In case the link doesn't post, here's the article:

Gushing. Squirting. Female ejaculation. Whatever you call it, I’m baffled by why there’s so little information there is about it, and the information I have found ranges from doubtful to misinformed (see Wikipedia) to downright crazy (it’s ancient?).

Personally, I’ve only gushed a relative handful of times, and only with my current lover.

This past weekend, it happened three times in the same session. All we could think was, “Wow!”

Having gushed like that and only having gushed with him, I didn’t know anyone I could ask besides him how common it is. He said it’s only happened with two other women, and that one of them could do it on demand. (I really didn’t want to hear that exact detail, but I did ask.)

I wish I could say how and why it happens to me. I really can’t. I can’t will it to happen emotionally or physically like I can when I orgasm. I can’t feel a specific buildup like I do when I come, although it does come at times of extremely intense arousal and when my lover is making contact with my G-spot with his fingers or his cock. A gush of hot, watery, clear fluid just blasts out of me and thoroughly drenches him, me and the sheets. I’m not talking about a tiny spot; I’m talking about both of us having to sleep on a pretty large section of the bed that’s soaked well through the sheets and the mattress pad. After it happens, by no means am I mentally or physically drained after I gush.

I came across one video by a man who purported to be able to teach men how to make their women gush. I’d say he has the technique down, but as a gusher, I can’t say it’s a surefire way. It doesn’t always happen according to his directions, even when our lovemaking is scorching-the-sheets hot.

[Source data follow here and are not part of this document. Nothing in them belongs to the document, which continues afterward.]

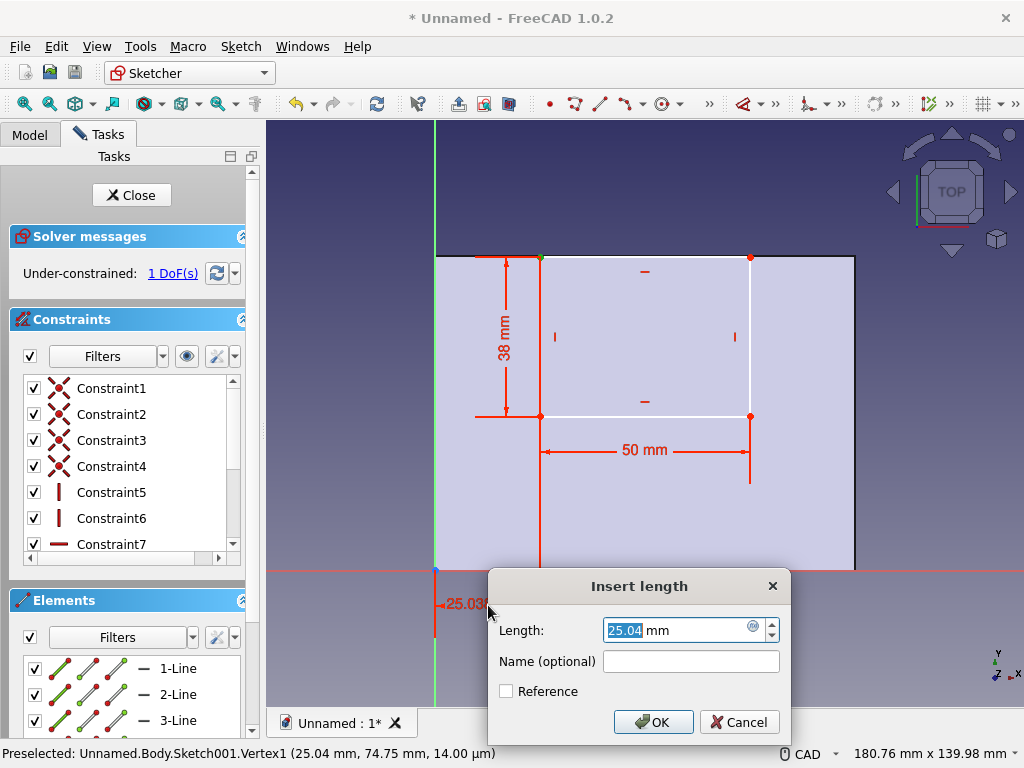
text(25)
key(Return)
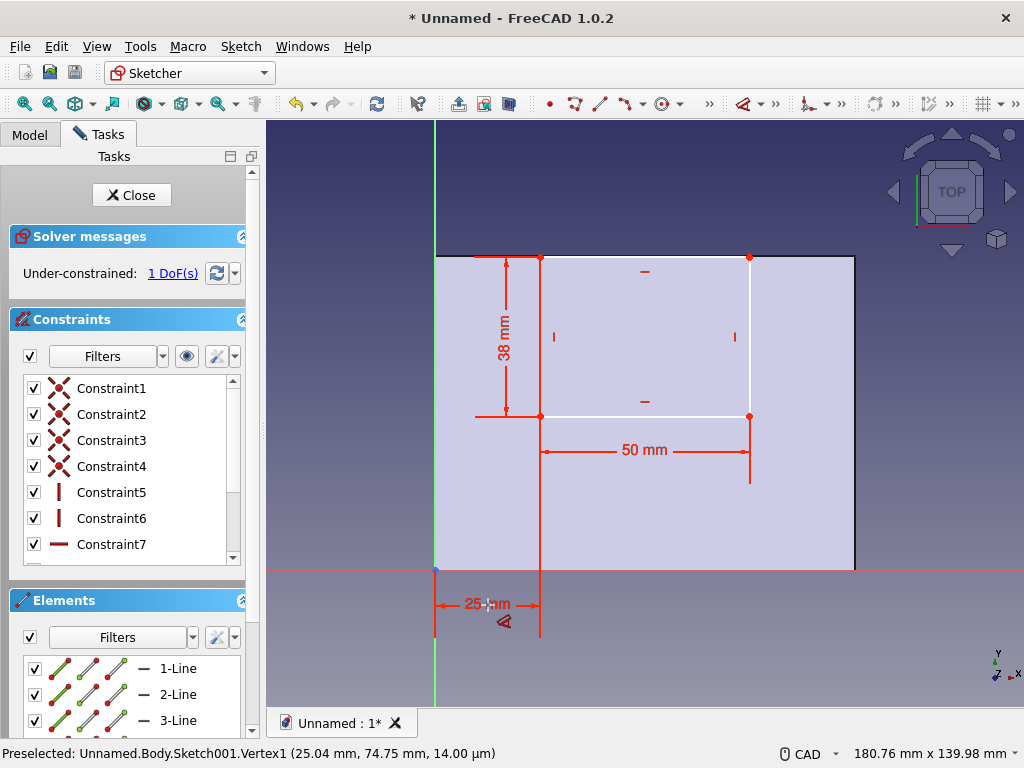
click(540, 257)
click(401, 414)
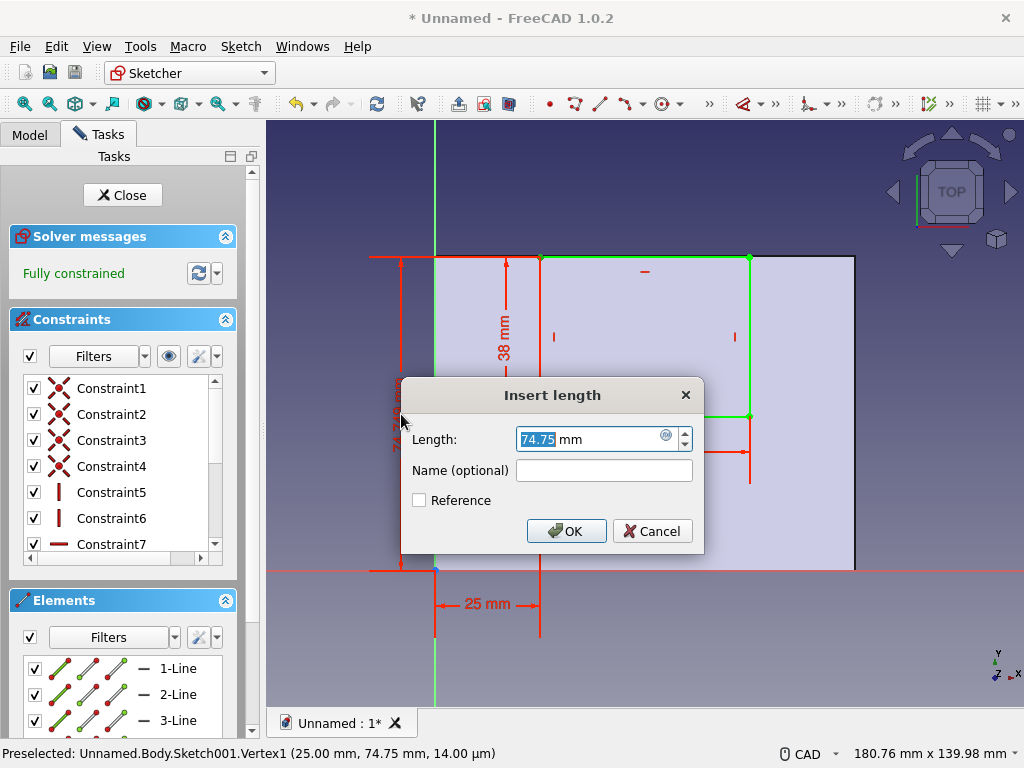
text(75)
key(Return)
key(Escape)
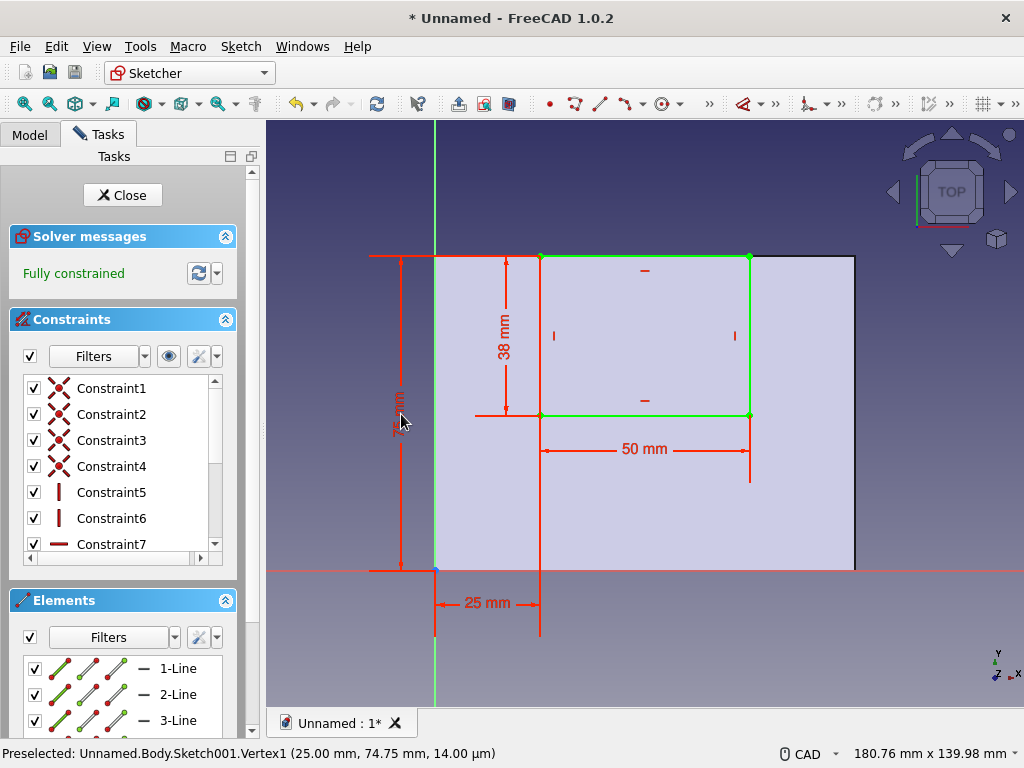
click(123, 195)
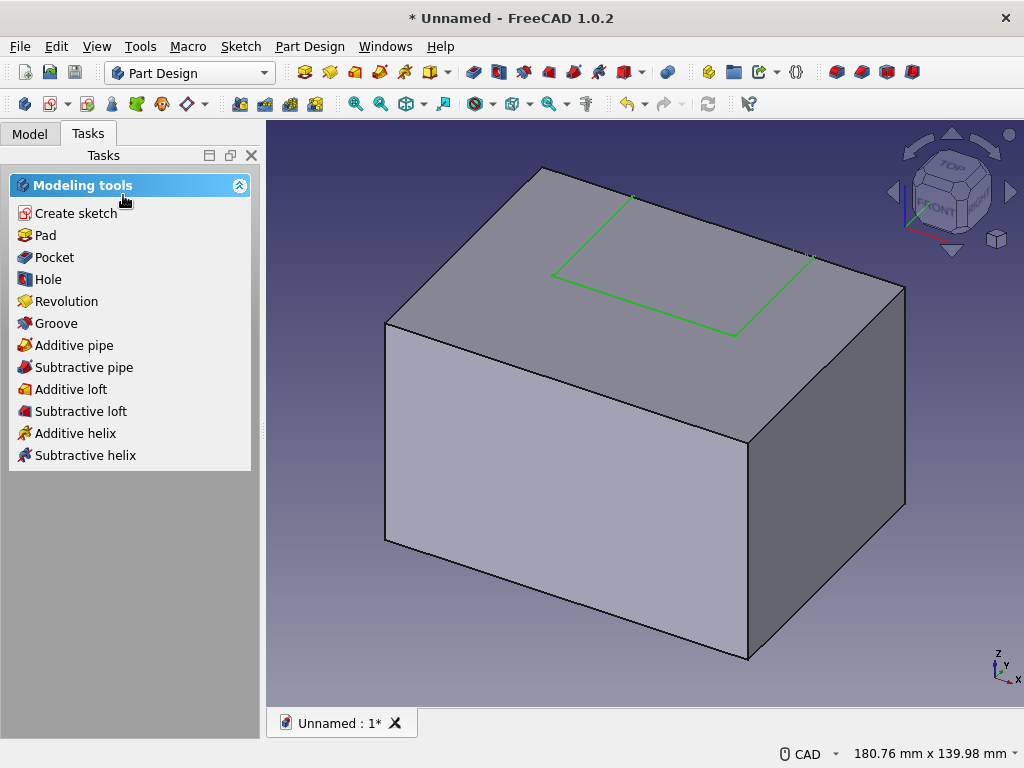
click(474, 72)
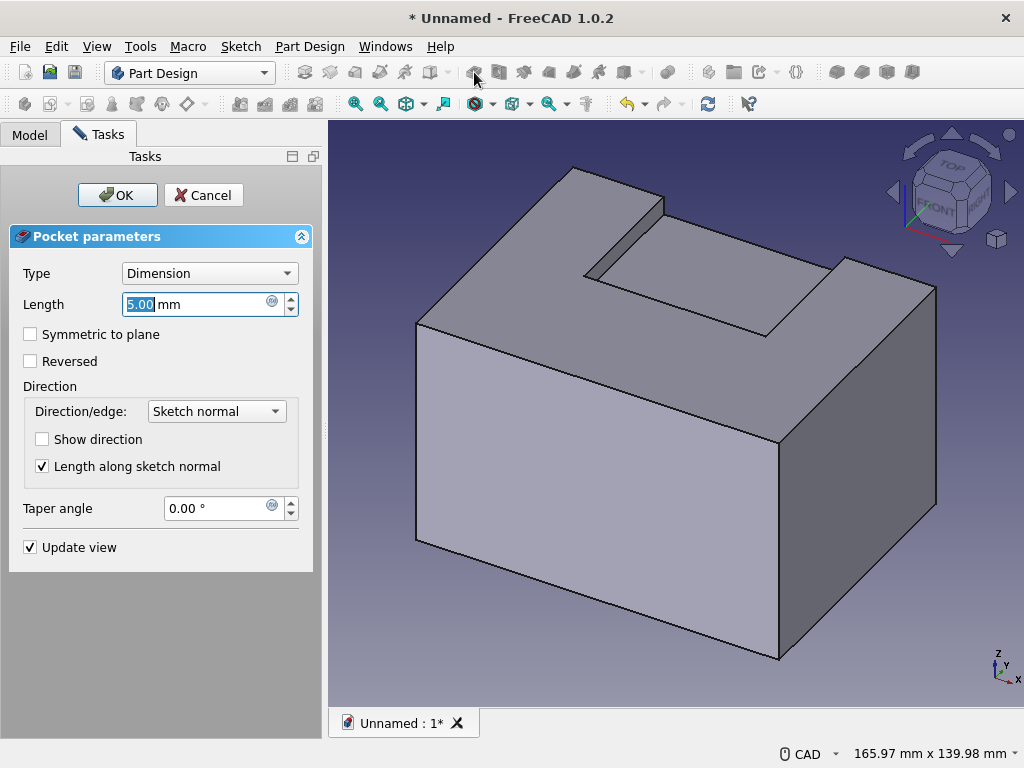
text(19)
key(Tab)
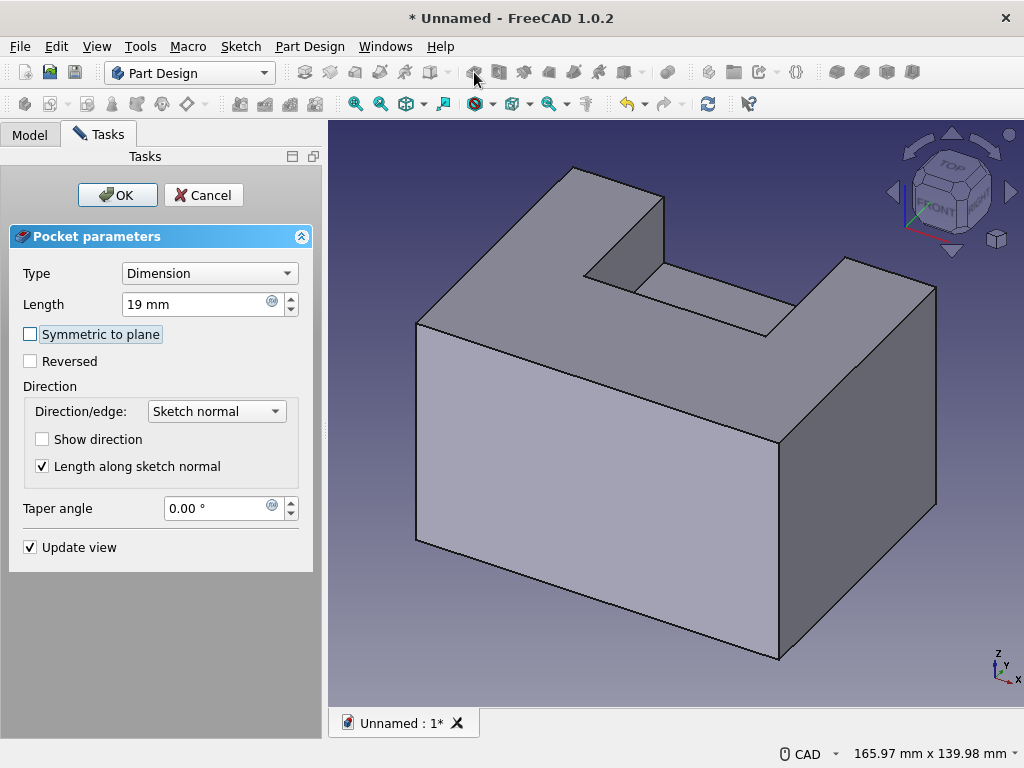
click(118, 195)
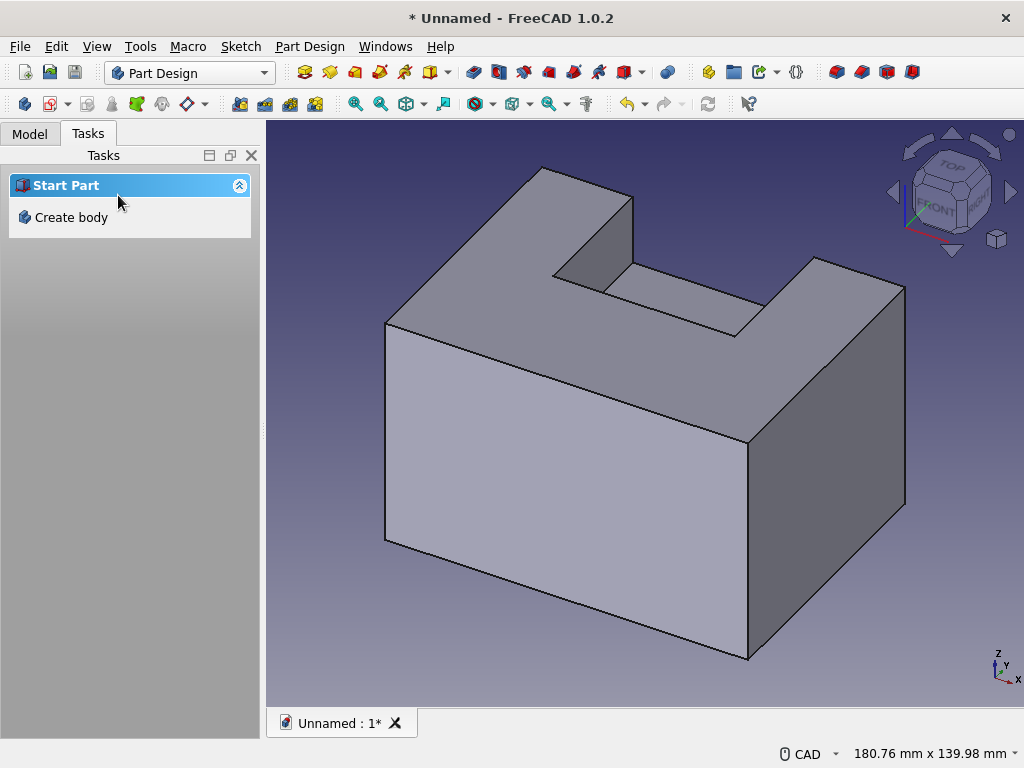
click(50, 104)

What blows my mind most is that physicians and other scientists know little about female ejaculation. According to Dr. Laura Berman, “Since 2000, an increasing number of researchers have suggested the liquid may come from the Skene’s glands, which are located on the anterior wall of the vagina around the lower end of the urethra. But the truth is we simply don’t know where ejaculate comes from …”

Excuse me … “We simply don’t know where ejaculate comes from”??? Hell, it sounds as if the medical community isn’t even sure if Skene’s glands exist. The lack of findings and credible explanations I have come across is simply mind-blowing … almost as mind-blowing as gushing three times in less than a half hour … almost as mind-blowing as how I could gush that much and that often yet not gush for months, if not years at a time. What kind of answer could I expect from my gynecologist? In this day and age, is the female anatomy still that much of a mystery?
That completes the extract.